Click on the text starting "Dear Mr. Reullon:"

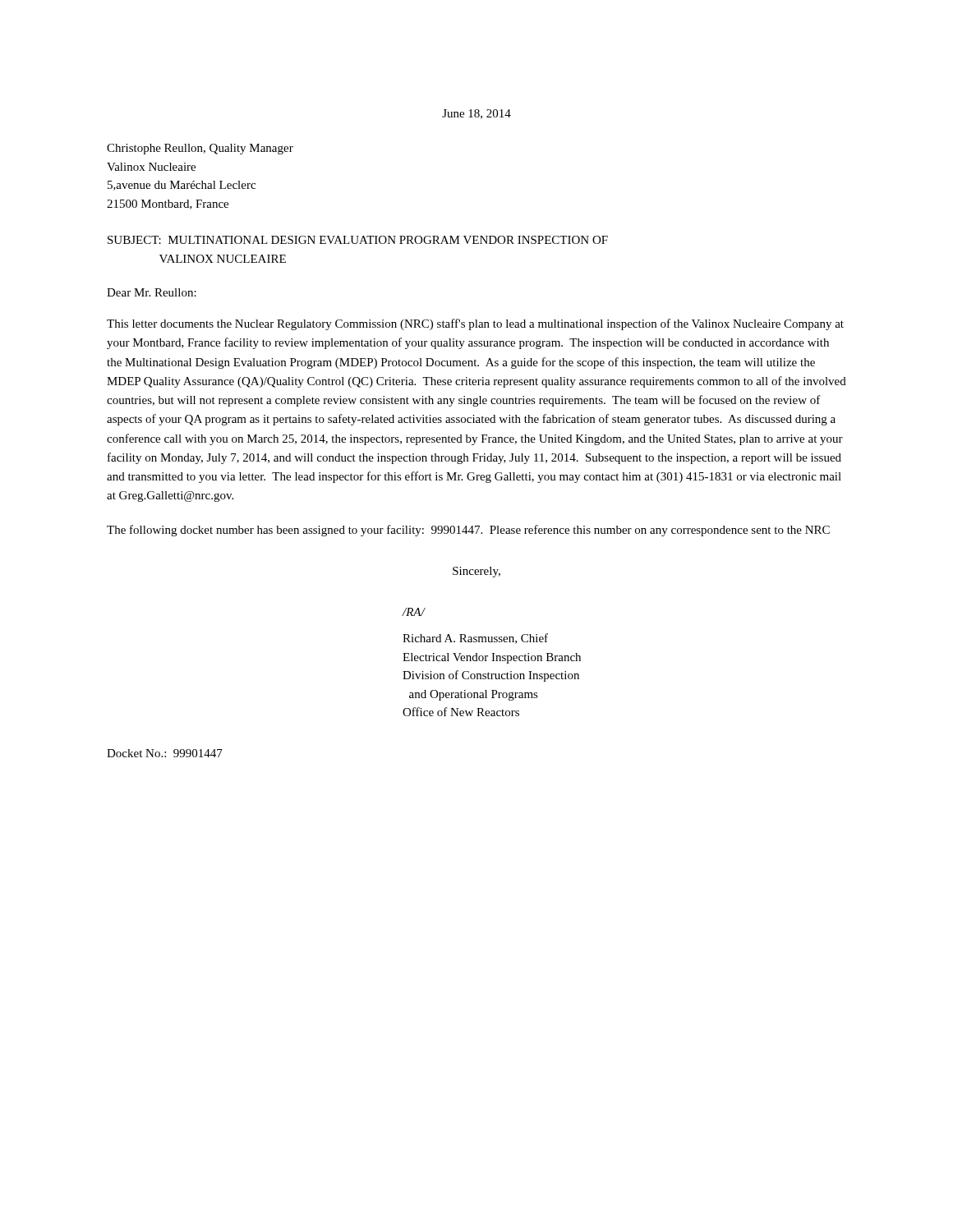coord(152,292)
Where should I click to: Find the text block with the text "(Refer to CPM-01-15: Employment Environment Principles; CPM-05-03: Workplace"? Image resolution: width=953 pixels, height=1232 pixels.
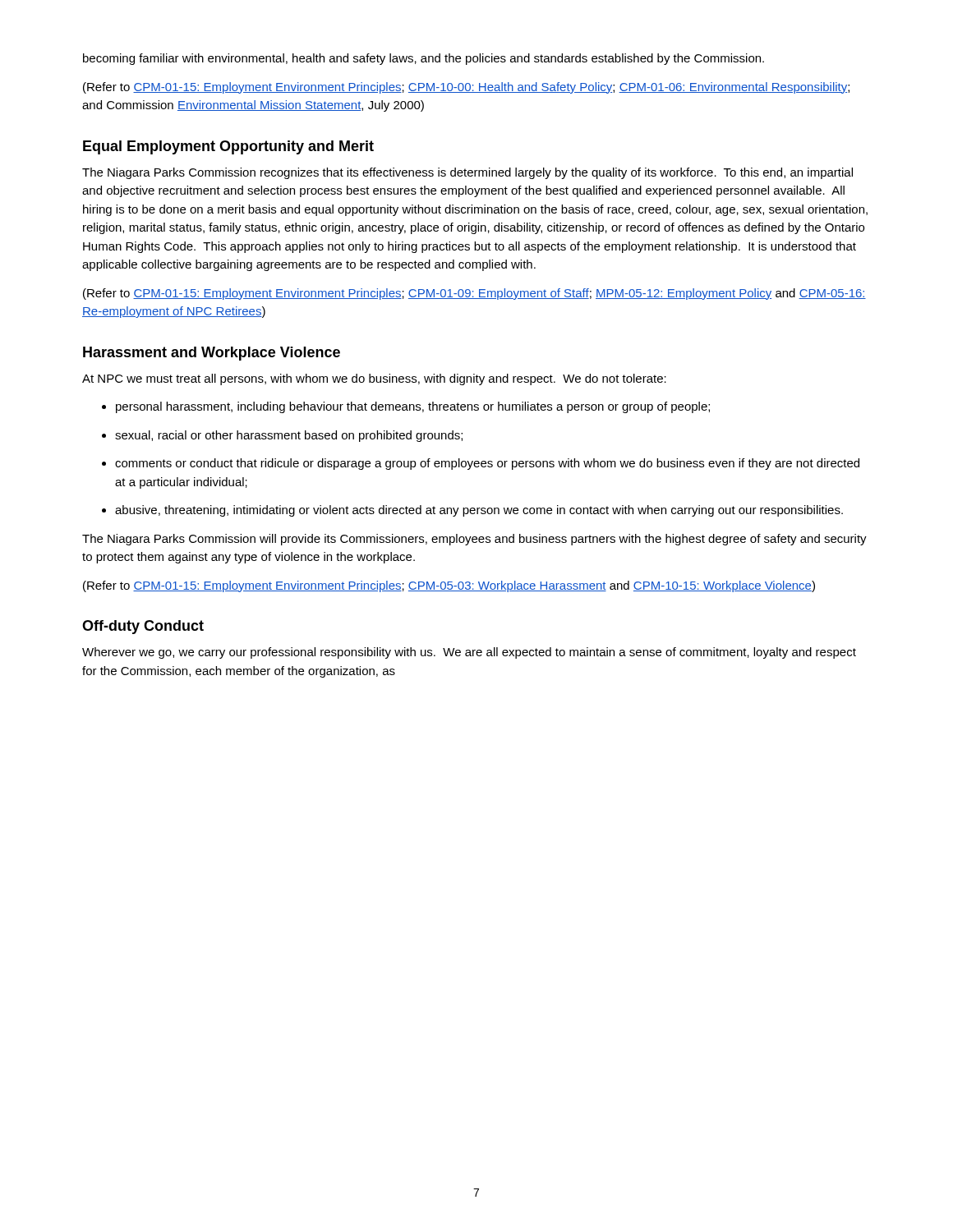point(449,585)
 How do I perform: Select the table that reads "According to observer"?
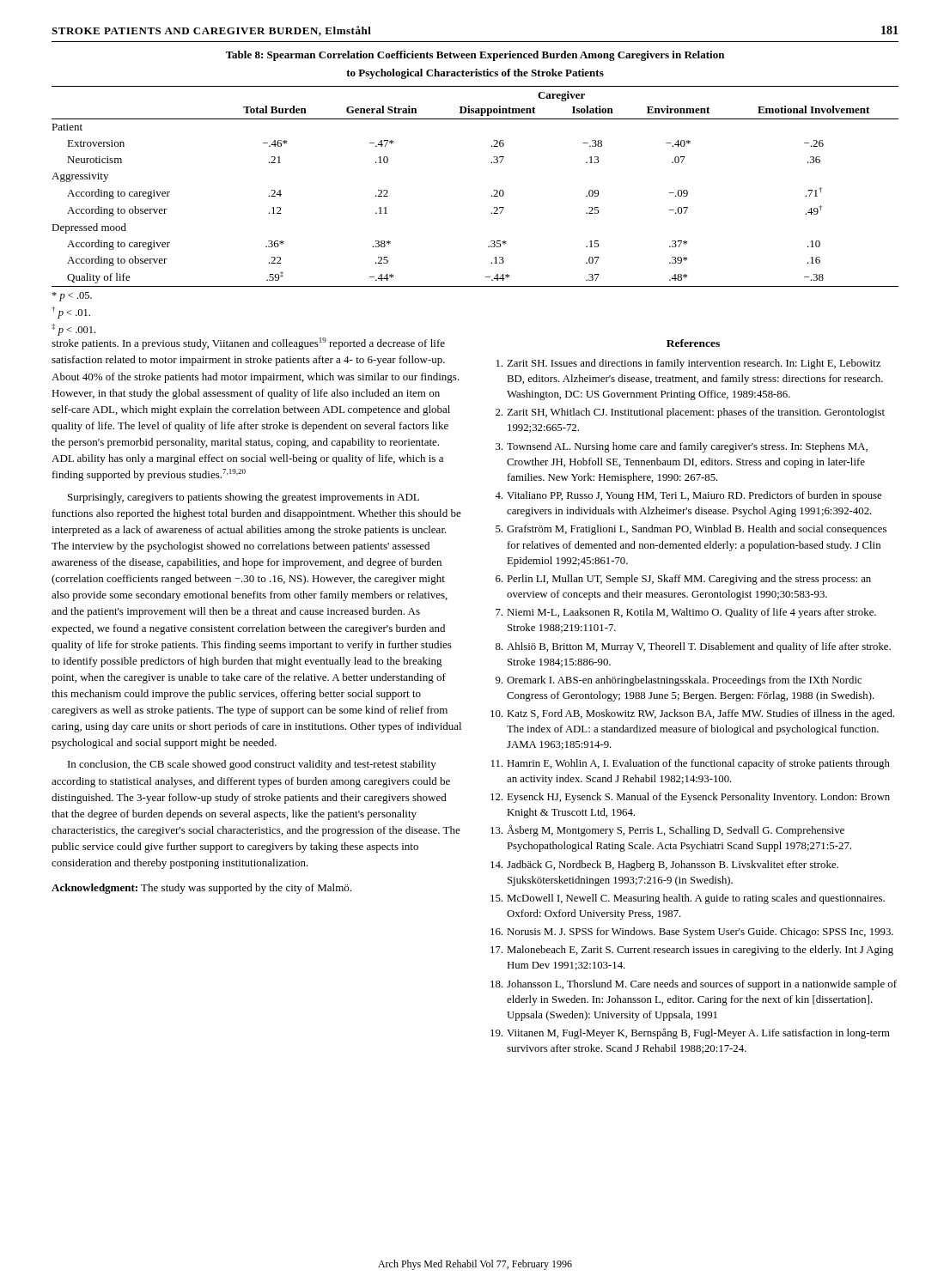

____

→ **How to complete this task**
Please reproduce the data above word for word, skipping all images.

→ **Task result**
Click on the text starting "Dear Mr. Reullon:"

coord(152,292)
Where should I click to: Find the text block with the text "(Refer to CPM-01-15: Employment Environment Principles; CPM-05-03: Workplace"? Image resolution: width=953 pixels, height=1232 pixels.
point(449,585)
 How do I perform: Select the table that reads "According to observer"?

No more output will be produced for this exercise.